● **EXERCISE DESCRIPTION**
Carry over every entry exactly as written, though not the pictures it contains.

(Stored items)
════════════════
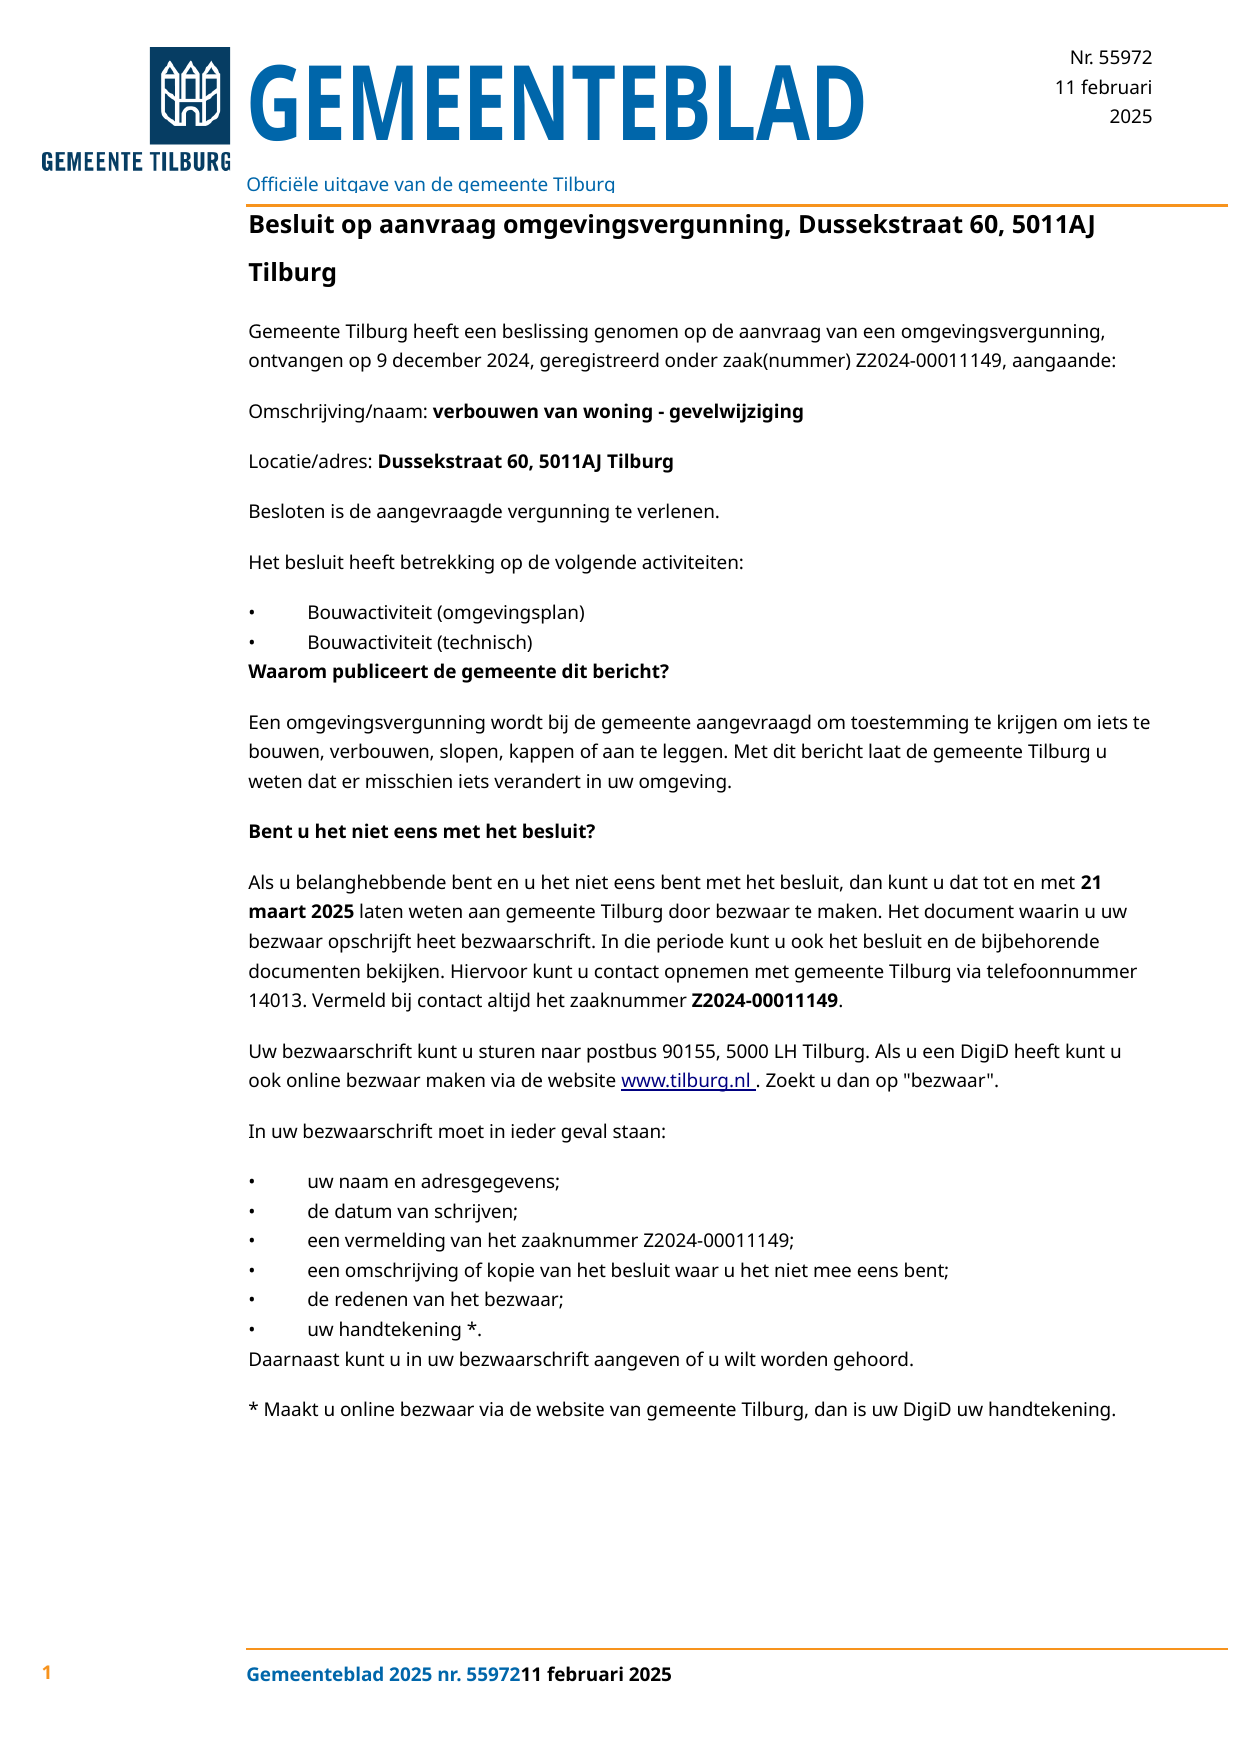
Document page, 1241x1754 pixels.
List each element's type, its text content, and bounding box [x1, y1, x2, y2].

list uw handtekening *. [248, 1316, 1152, 1342]
text Als u belanghebbende bent en u het niet eens bent met het besluit, dan kunt u dat tot en met 21 maart 2025 laten weten aan gemeente Tilburg door bezwaar te maken. Het document waarin u uw bezwaar opschrijft heet bezwaarschrift. In die periode kunt u ook het besluit en de bijbehorende documenten bekijken. Hiervoor kunt u contact opnemen met gemeente Tilburg via telefoonnummer 14013. Vermeld bij contact altijd het zaaknummer Z2024-00011149. [248, 869, 1152, 1013]
text Locatie/adres: Dussekstraat 60, 5011AJ Tilburg [248, 448, 1152, 474]
list Bouwactiviteit (omgevingsplan) [248, 599, 1152, 625]
text Gemeente Tilburg heeft een beslissing genomen op de aanvraag van een omgevingsvergunning, ontvangen op 9 december 2024, geregistreerd onder zaak(nummer) Z2024-00011149, aangaande: [248, 318, 1152, 373]
text Omschrijving/naam: verbouwen van woning - gevelwijziging [248, 398, 1152, 424]
text Besloten is de aangevraagde vergunning te verlenen. [248, 499, 1152, 524]
text Bent u het niet eens met het besluit? [248, 819, 1152, 844]
list Bouwactiviteit (technisch) [248, 629, 1152, 655]
text In uw bezwaarschrift moet in ieder geval staan: [248, 1118, 1152, 1144]
list de redenen van het bezwaar; [248, 1287, 1152, 1312]
list een vermelding van het zaaknummer Z2024-00011149; [248, 1227, 1152, 1253]
text Waarom publiceert de gemeente dit bericht? [248, 659, 1152, 684]
text Een omgevingsvergunning wordt bij de gemeente aangevraagd om toestemming te krijgen om iets te bouwen, verbouwen, slopen, kappen of aan te leggen. Met dit bericht laat de gemeente Tilburg u weten dat er misschien iets verandert in uw omgeving. [248, 709, 1152, 794]
text * Maakt u online bezwaar via de website van gemeente Tilburg, dan is uw DigiD uw handtekening. [248, 1396, 1152, 1422]
list uw naam en adresgegevens; [248, 1168, 1152, 1194]
text Het besluit heeft betrekking op de volgende activiteiten: [248, 549, 1152, 575]
picture [41, 47, 231, 172]
list de datum van schrijven; [248, 1198, 1152, 1224]
list een omschrijving of kopie van het besluit waar u het niet mee eens bent; [248, 1257, 1152, 1283]
text Uw bezwaarschrift kunt u sturen naar postbus 90155, 5000 LH Tilburg. Als u een DigiD heeft kunt u ook online bezwaar maken via de website www.tilburg.nl . Zoekt u dan op "bezwaar". [248, 1038, 1152, 1093]
text Besluit op aanvraag omgevingsvergunning, Dussekstraat 60, 5011AJ Tilburg [248, 207, 1152, 288]
text Daarnaast kunt u in uw bezwaarschrift aangeven of u wilt worden gehoord. [248, 1346, 1152, 1372]
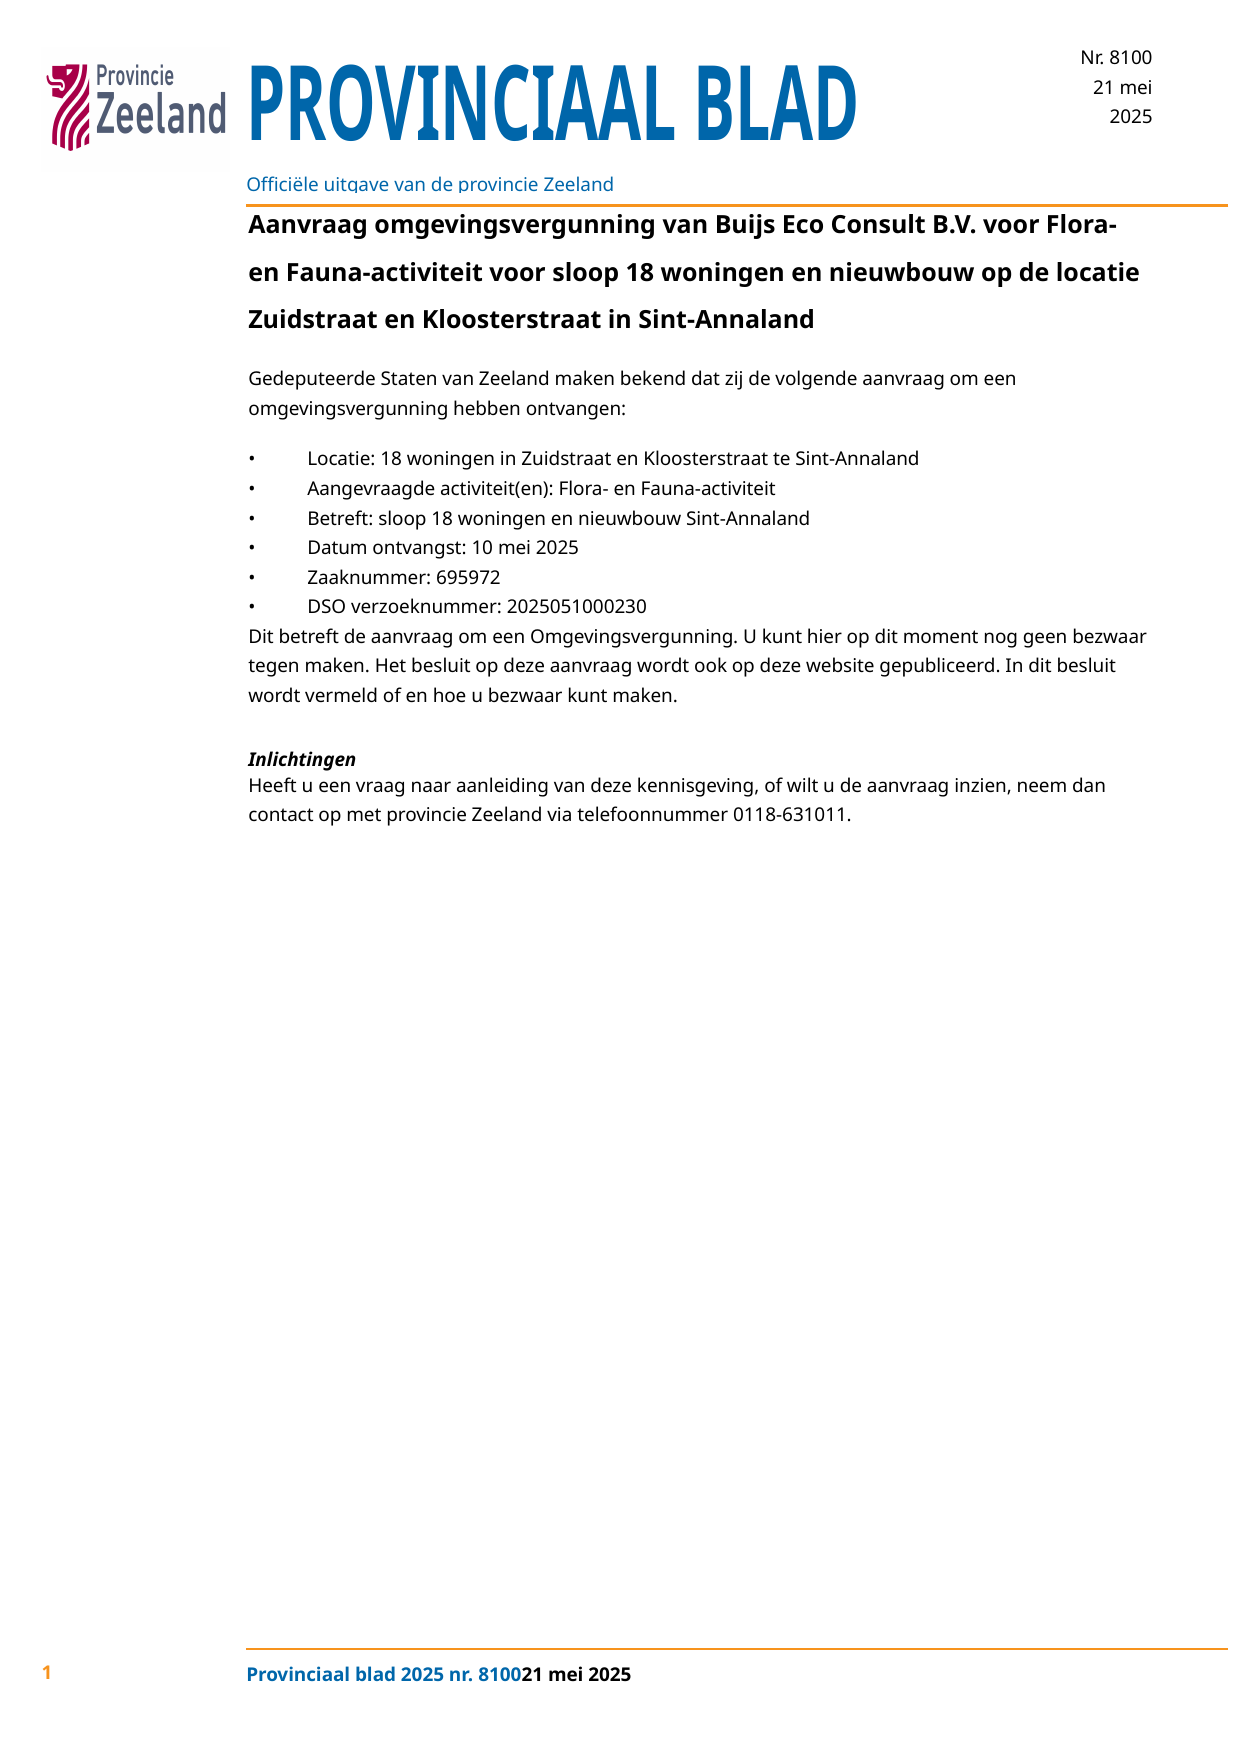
════════════════
● **REPLY TO THE EXERCISE**
Document page, 1241x1754 pixels.
List each element's type, its text content, and bounding box [x1, y1, x2, y2].

list uw handtekening *. [248, 1316, 1152, 1342]
text Als u belanghebbende bent en u het niet eens bent met het besluit, dan kunt u dat tot en met 21 maart 2025 laten weten aan gemeente Tilburg door bezwaar te maken. Het document waarin u uw bezwaar opschrijft heet bezwaarschrift. In die periode kunt u ook het besluit en de bijbehorende documenten bekijken. Hiervoor kunt u contact opnemen met gemeente Tilburg via telefoonnummer 14013. Vermeld bij contact altijd het zaaknummer Z2024-00011149. [248, 869, 1152, 1013]
text Locatie/adres: Dussekstraat 60, 5011AJ Tilburg [248, 448, 1152, 474]
list Bouwactiviteit (omgevingsplan) [248, 599, 1152, 625]
text Gemeente Tilburg heeft een beslissing genomen op de aanvraag van een omgevingsvergunning, ontvangen op 9 december 2024, geregistreerd onder zaak(nummer) Z2024-00011149, aangaande: [248, 318, 1152, 373]
text Omschrijving/naam: verbouwen van woning - gevelwijziging [248, 398, 1152, 424]
text Besloten is de aangevraagde vergunning te verlenen. [248, 499, 1152, 524]
text Bent u het niet eens met het besluit? [248, 819, 1152, 844]
list Bouwactiviteit (technisch) [248, 629, 1152, 655]
text In uw bezwaarschrift moet in ieder geval staan: [248, 1118, 1152, 1144]
list de redenen van het bezwaar; [248, 1287, 1152, 1312]
list een vermelding van het zaaknummer Z2024-00011149; [248, 1227, 1152, 1253]
text Waarom publiceert de gemeente dit bericht? [248, 659, 1152, 684]
text Een omgevingsvergunning wordt bij de gemeente aangevraagd om toestemming te krijgen om iets te bouwen, verbouwen, slopen, kappen of aan te leggen. Met dit bericht laat de gemeente Tilburg u weten dat er misschien iets verandert in uw omgeving. [248, 709, 1152, 794]
text * Maakt u online bezwaar via de website van gemeente Tilburg, dan is uw DigiD uw handtekening. [248, 1396, 1152, 1422]
list uw naam en adresgegevens; [248, 1168, 1152, 1194]
text Het besluit heeft betrekking op de volgende activiteiten: [248, 549, 1152, 575]
picture [41, 47, 231, 172]
list de datum van schrijven; [248, 1198, 1152, 1224]
list een omschrijving of kopie van het besluit waar u het niet mee eens bent; [248, 1257, 1152, 1283]
text Uw bezwaarschrift kunt u sturen naar postbus 90155, 5000 LH Tilburg. Als u een DigiD heeft kunt u ook online bezwaar maken via de website www.tilburg.nl . Zoekt u dan op "bezwaar". [248, 1038, 1152, 1093]
text Besluit op aanvraag omgevingsvergunning, Dussekstraat 60, 5011AJ Tilburg [248, 207, 1152, 288]
text Daarnaast kunt u in uw bezwaarschrift aangeven of u wilt worden gehoord. [248, 1346, 1152, 1372]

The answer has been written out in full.